Sometimes I wonder if what some people are saying is true. I have a friend who thinks I'm gay just for the attention it brings me. Whenever she brings it up, I always ask her why I would choose to live my life like this? Why would I publicly say I'm gay, and have my parents unaccepting of me. To choose to get hate mail from people at school. To choose to be an outcast. I go to a school with less than 500 people in it, 10 miles from the Gulf of Mexico in South Louisiana. We live in the middle of nowhere! People here are split down the middle. They either accept me for who I am, or they make fun of me. Why would I chose to live like this. But sometimes I think maybe those people who this this is just something for me to get attention are right. You know how you have those speakers come to your church? And they get you so pumped up with the spirit? It's when those people come to speak that I start thinking that maybe it's just some ploy in my subconscience mind that made me do this. Then I start thinking about my boyfriend. He's SO wonderful! Our love for each other runs SO deep!
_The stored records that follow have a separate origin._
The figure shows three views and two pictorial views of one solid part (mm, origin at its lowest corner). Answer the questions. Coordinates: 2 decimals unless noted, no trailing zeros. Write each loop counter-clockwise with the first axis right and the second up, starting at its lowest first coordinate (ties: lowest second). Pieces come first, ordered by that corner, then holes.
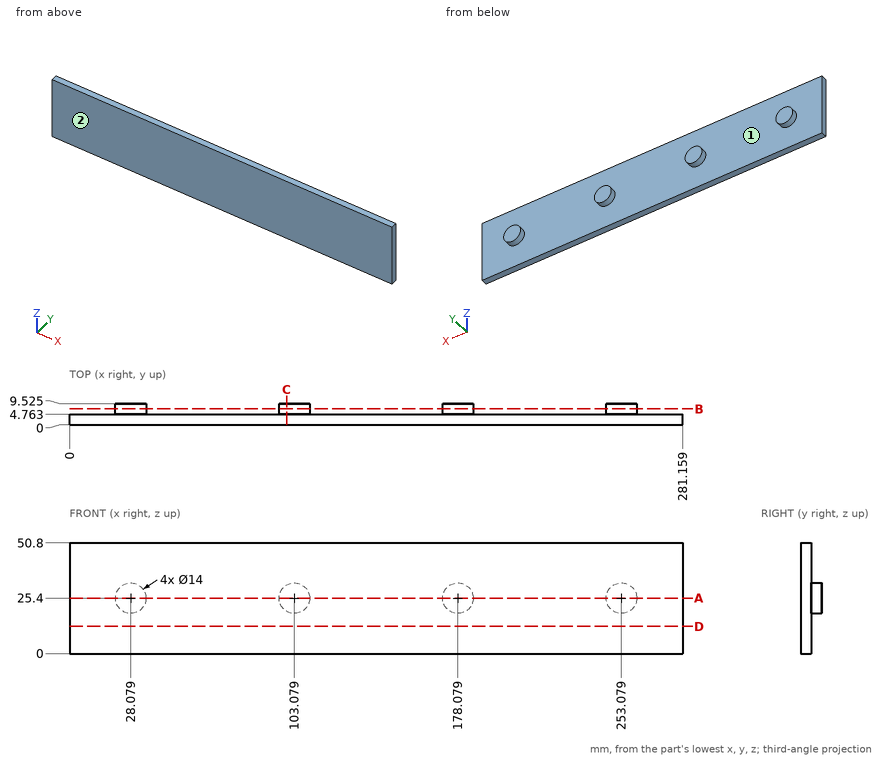
1. Find the intervals of material crossed by L1, parallel to Y at x = 124, z = 44; L2, parallel to Z at x = 257.5, y = 7.5 (1 decimal), in increasing order.
Results found:
L1: y = 0 to 4.76
L2: z = 20 to 30.8
2. Section A-A on z = 25.4 is taken. Give the vertices of the cut face in (x, y) (1 decimal), then the cut area to 3 significant figures.
Results found:
outline: (0, 0) - (281.2, 0) - (281.2, 4.8) - (260.1, 4.8) - (260.1, 9.5) - (246.1, 9.5) - (246.1, 4.8) - (185.1, 4.8) - (185.1, 9.5) - (171.1, 9.5) - (171.1, 4.8) - (110.1, 4.8) - (110.1, 9.5) - (96.1, 9.5) - (96.1, 4.8) - (35.1, 4.8) - (35.1, 9.5) - (21.1, 9.5) - (21.1, 4.8) - (0, 4.8) - close
area: 1,610 mm2
3. A flat-ended cylindrical pin translates along its axis: P1, Ø12, axis at x = 116.5, z = 31.5, coming from the +Y side. Find the tip coordinate at first contact, or state that the pin passes through.
Results found:
P1: stops at y = 4.76
4. Section B-B on y = 7.25 is taken. Give the vertices of the cut face in (x, z), then the cut area to 3 significant figures.
Results found:
outline: circle Ø14 at (28.08, 25.4); circle Ø14 at (103.08, 25.4); circle Ø14 at (178.08, 25.4); circle Ø14 at (253.08, 25.4)
area: 616 mm2
5. Section D-D on z = 12.5 is taken. Give the vertices of the cut face in (x, y), then the cut area to 3 significant figures.
Results found:
outline: (0, 0) - (281.16, 0) - (281.16, 4.76) - (0, 4.76) - close
area: 1,340 mm2
6. Section C-C on x = 99.5 is taken. Give the vertices of the cut face in (y, z) (1 decimal).
Results found:
outline: (0, 0) - (4.8, 0) - (4.8, 19.4) - (9.5, 19.4) - (9.5, 31.4) - (4.8, 31.4) - (4.8, 50.8) - (0, 50.8) - close
7. For a pull along X with two mould halves and no side action, classify the marked faces 1 and 2 as pulls with the +X half, pulls with the -X half, needs draft (parallel to the pull), parting line crosses it, or undercut.
Results found:
face 1: undercut
face 2: needs draft

When I think about him, I start to wonder what the heck is up with those people who tell me I'm a bad person because I'm gay! If only they could see the love between Julian and I! They would understand. But, there's no pleasing everyone. I just have to go on with my life knowing that what Julian and I have is right. I can't wait to spend the rest of my life with him! I love you Julian!

Comments

Beryl's picture

Your Happiness

Your obvious happiness with Jlian makes me happy. Proof that not all relationships stink. Thank you!

desert13's picture

lucky

This very line of thinking seems to be a trend: "gayness is just a way to get attention/become popular." But it's not that way at all. Yes, at this point in history, queers are more accepted in society than ever. But there have always been gay people, they've just had to work hard at hiding it - or suppressing it.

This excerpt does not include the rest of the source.